- Parent company: Sony Music Entertainment
- Founded: 1990; 36 years ago
- Genre: Various
- Country of origin: United States
- Location: New York City
- Official website: legacyrecordings.com

= Legacy Recordings =

American record label

Legacy Recordings is an American record label that is a division of Sony Music Entertainment. Formed in 1990 after Sony's acquisition of CBS Records, Legacy originally handled the archives of Sony Music-owned labels Columbia Records and Epic Records. In 2004, under the Sony BMG joint venture, the label began to manage the archives of RCA Records, J Records, Windham Hill Records, Arista, LaFace, Jive, and Buddah Records. Legacy Recordings also distributes Philadelphia International Records and the catalog of recordings produced by Phil Spector. It is not related to the defunct British independent label Legacy Records.
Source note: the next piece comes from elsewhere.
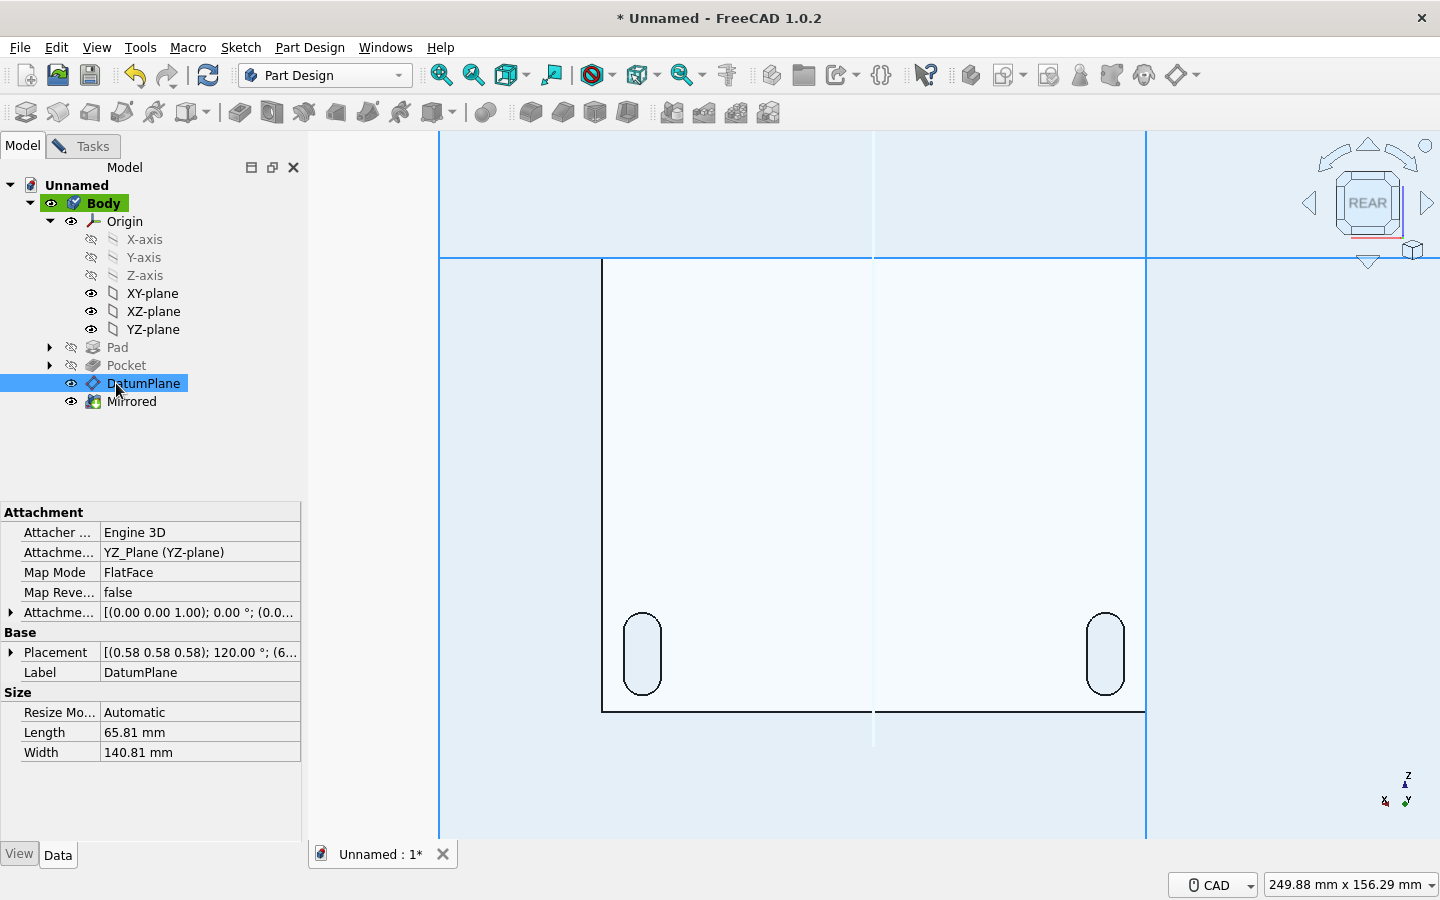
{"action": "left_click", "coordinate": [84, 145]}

==Reissues/The Essential Series==
The Essential Series are one- or two-disc compilations of an artist's extensive catalog. On occasion, certain albums in this series would include a limited edition third disc (labeled Essential 3.0), or be revised to include an artist's newer work (for example The Essential Bob Dylan). As of 2015, several volumes in the Essential series are available on vinyl LP.
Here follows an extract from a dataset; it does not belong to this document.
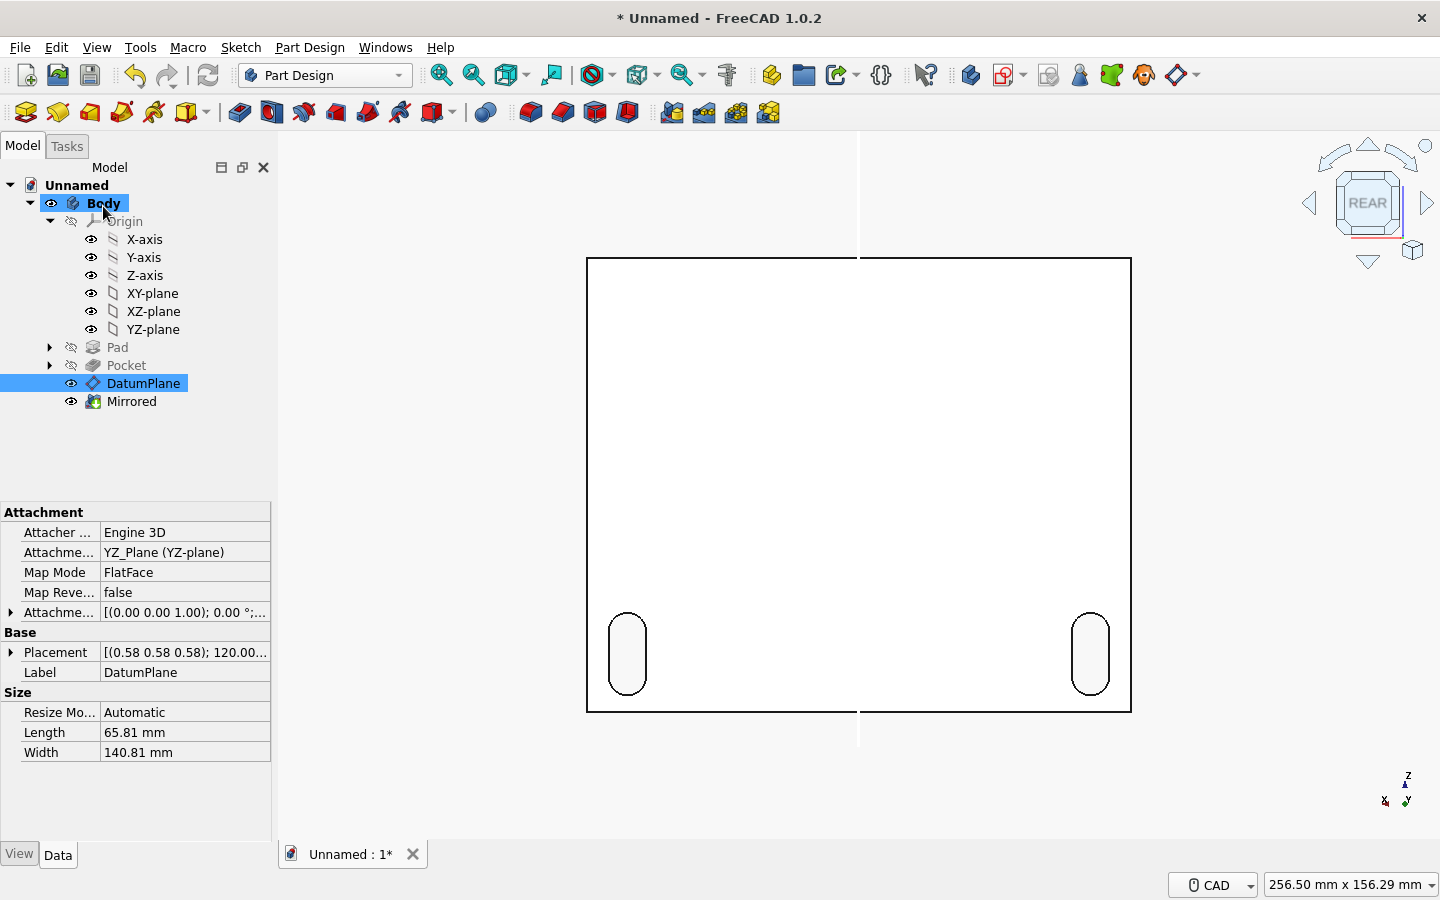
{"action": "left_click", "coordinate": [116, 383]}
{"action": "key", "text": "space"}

Launched in 2009, Playlist is a series of single-disc compilation albums based on artists' best studio work during their time on one of the Sony labels (for example, the Van Morrison Playlist only contains tracks from the BANG Records sessions), serving as a successor to the previous Super Hits series and a less expensive alternative to the Essential series. A spinoff series, Setlist, features compilations of artists' live performances.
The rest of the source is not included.